Elles sont également susceptibles de constituer des
pratiques discriminatoires d’Apple envers les MVNO. Plus
généralement, « la faible intensité compétitive » du marché
des services de téléphonie mobile, pour reprendre la
terminologie de la Cour de cassation, n’a pas été
bouleversée par la commercialisation de l’iPhone.
Cependant, force est de reconnaı̂tre que l’iPhone a insufflé
une formidable croissance de l’internet mobile, comme en
témoigne le succès des nouvelles générations de
Smartphone, sur lesquelles Google et le canadien RIM
(BlackBerry) sont déjà bien positionnés. Dans un tel
contexte, Apple laisse entendre que les MVNO pourraient
avoir accès à l’iPhone 4, ce qui permettrait de dynamiser —
cette fois — l’ « intensité compétitive » du secteur.
Notes
1. Commission européenne, 14ème rapport sur les marchés des communications électroniques de 2008.

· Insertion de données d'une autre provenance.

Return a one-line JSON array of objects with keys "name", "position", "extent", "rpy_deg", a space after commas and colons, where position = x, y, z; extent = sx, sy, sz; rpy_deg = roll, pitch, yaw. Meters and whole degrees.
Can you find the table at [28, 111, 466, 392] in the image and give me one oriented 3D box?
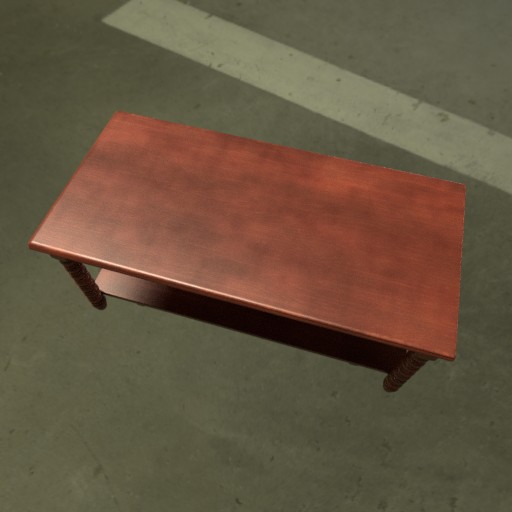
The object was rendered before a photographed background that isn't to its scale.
[{"name": "table", "position": [0.000, 0.000, 1.497], "extent": [1.171, 0.485, 0.580], "rpy_deg": [14, 60, 8]}]
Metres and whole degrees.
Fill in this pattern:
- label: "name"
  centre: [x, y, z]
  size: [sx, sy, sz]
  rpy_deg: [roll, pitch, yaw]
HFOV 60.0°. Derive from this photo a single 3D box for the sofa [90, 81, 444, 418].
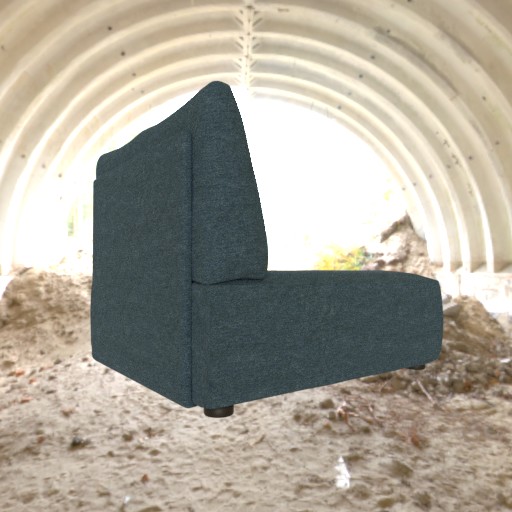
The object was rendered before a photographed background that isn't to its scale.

2. Autorité de régulation des communications électroniques et des postes (Arcep), Avis 2008-1175 du 4 novembre 2008.
3. Conseil de la concurrence, Avis 08-A-16 du 30 juillet 2008.

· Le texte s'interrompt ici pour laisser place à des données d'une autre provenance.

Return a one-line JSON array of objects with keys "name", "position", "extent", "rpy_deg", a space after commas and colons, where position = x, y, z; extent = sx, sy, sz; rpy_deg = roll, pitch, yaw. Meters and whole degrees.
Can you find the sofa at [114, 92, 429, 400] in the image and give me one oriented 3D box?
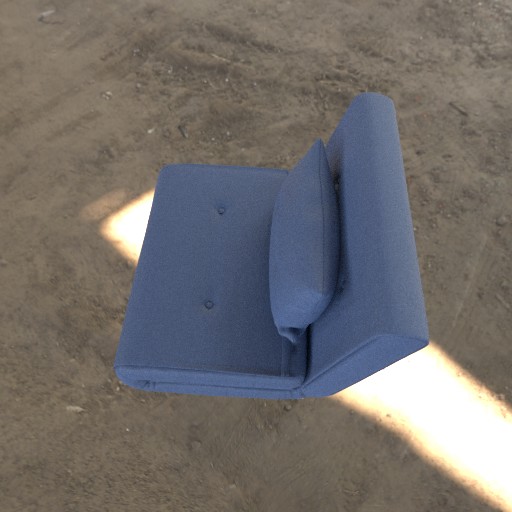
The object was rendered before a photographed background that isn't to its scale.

4. Selon le site Lesmobiles.com, Orange a, depuis le lancement de l’iPhone en novembre 2007, vendu plus de 1,7 millions d’iPhone, tandis
que SFR et Bouygues Telecom revendiquent respectivement 900.000 et 700.000 clients iPhone, qu’ils commercialisent depuis avril 2009.
5. Conseil de la concurrence, Décision no08-MC-01 du 17 décembre 2008 du relative à des pratiques mises en œuvre dans la distribution des
iPhones ; Cour d’appel de Paris, 1ère ch. Section H du 4 février 2009.
6. Autorité de la concurrence, Décision no10-D-01 du 11 janvier 2010 relative à des pratiques mises en œuvre dans la distribution des
iPhones.
7. Observatoire trimestriel des communications électroniques (services mobiles) publié par l’Arcep, 6 mai 2010.